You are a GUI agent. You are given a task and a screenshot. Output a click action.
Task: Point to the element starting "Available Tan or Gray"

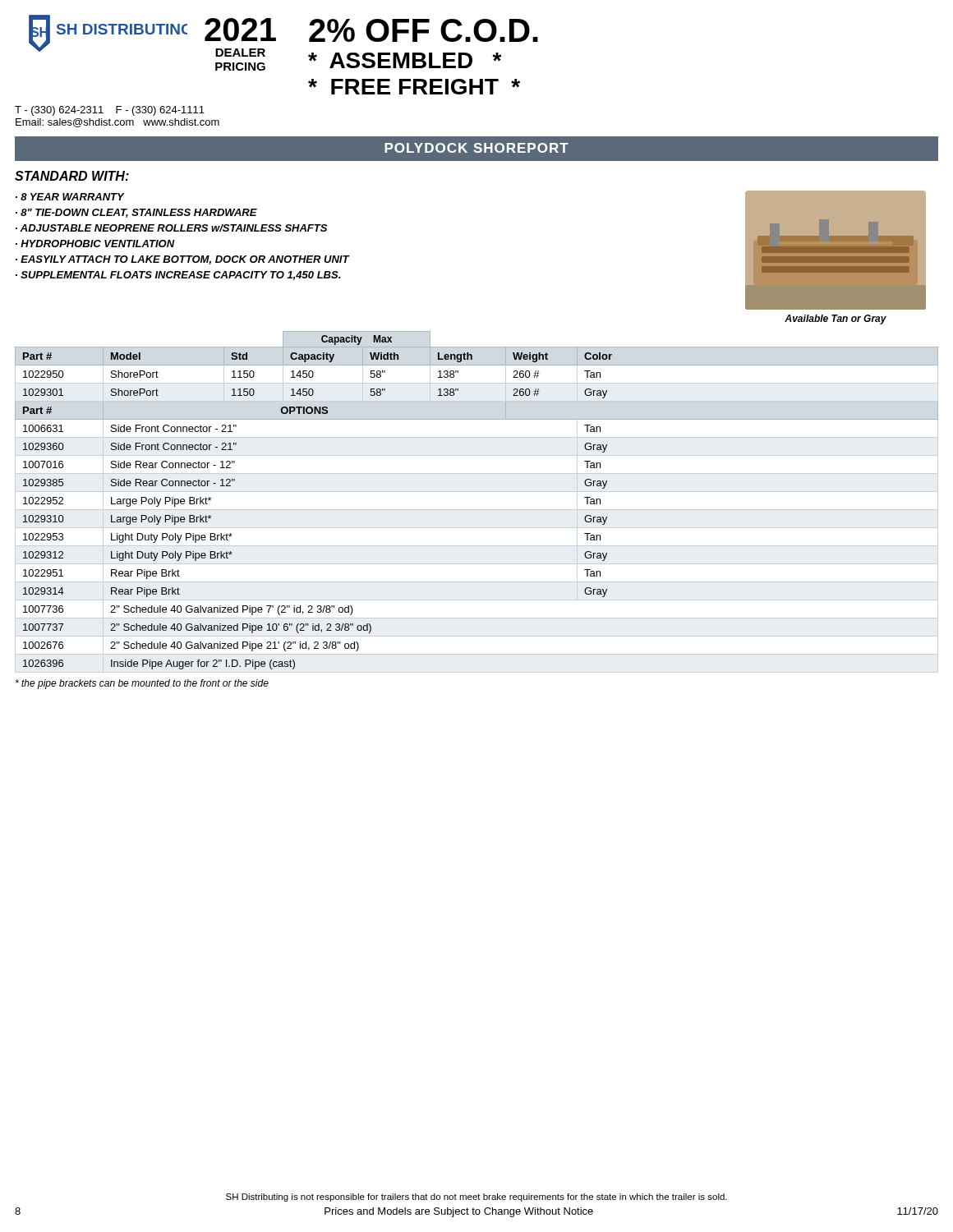pyautogui.click(x=835, y=319)
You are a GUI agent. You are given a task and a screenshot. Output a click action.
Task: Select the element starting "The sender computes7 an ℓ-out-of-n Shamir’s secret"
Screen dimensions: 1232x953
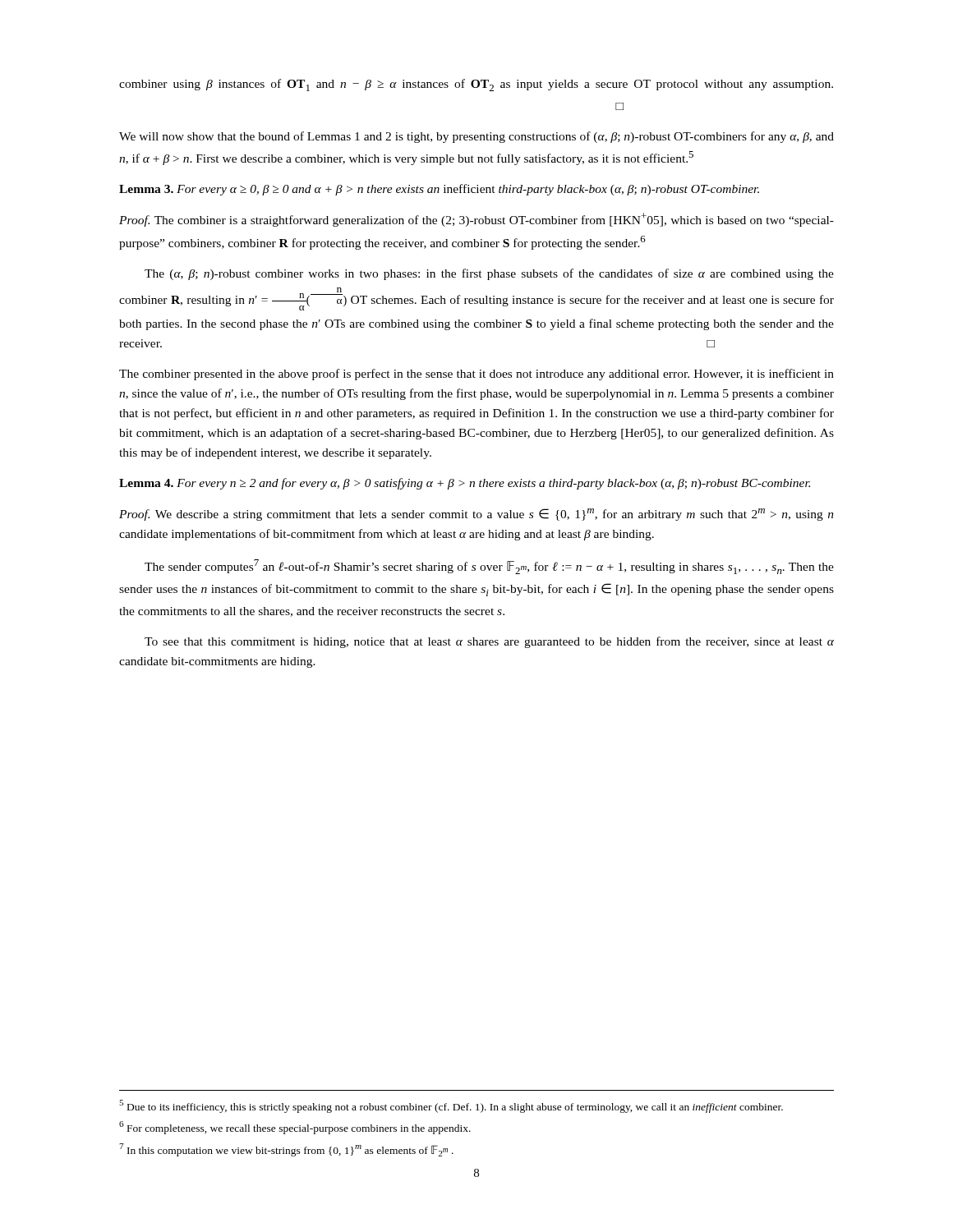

--------------------

WHAT YOU WILL DO: Restate the data above exactly, stripping out each image.

RESULT OF THE EXERCISE:
You are a GUI agent. You are given a task and a screenshot. Output a click action.
Task: Point to the element starting "Available Tan or Gray"

pyautogui.click(x=835, y=319)
You are a GUI agent. You are given a task and a screenshot. Output a click action.
Task: Select the element starting "The sender computes7 an ℓ-out-of-n Shamir’s secret"
Screen dimensions: 1232x953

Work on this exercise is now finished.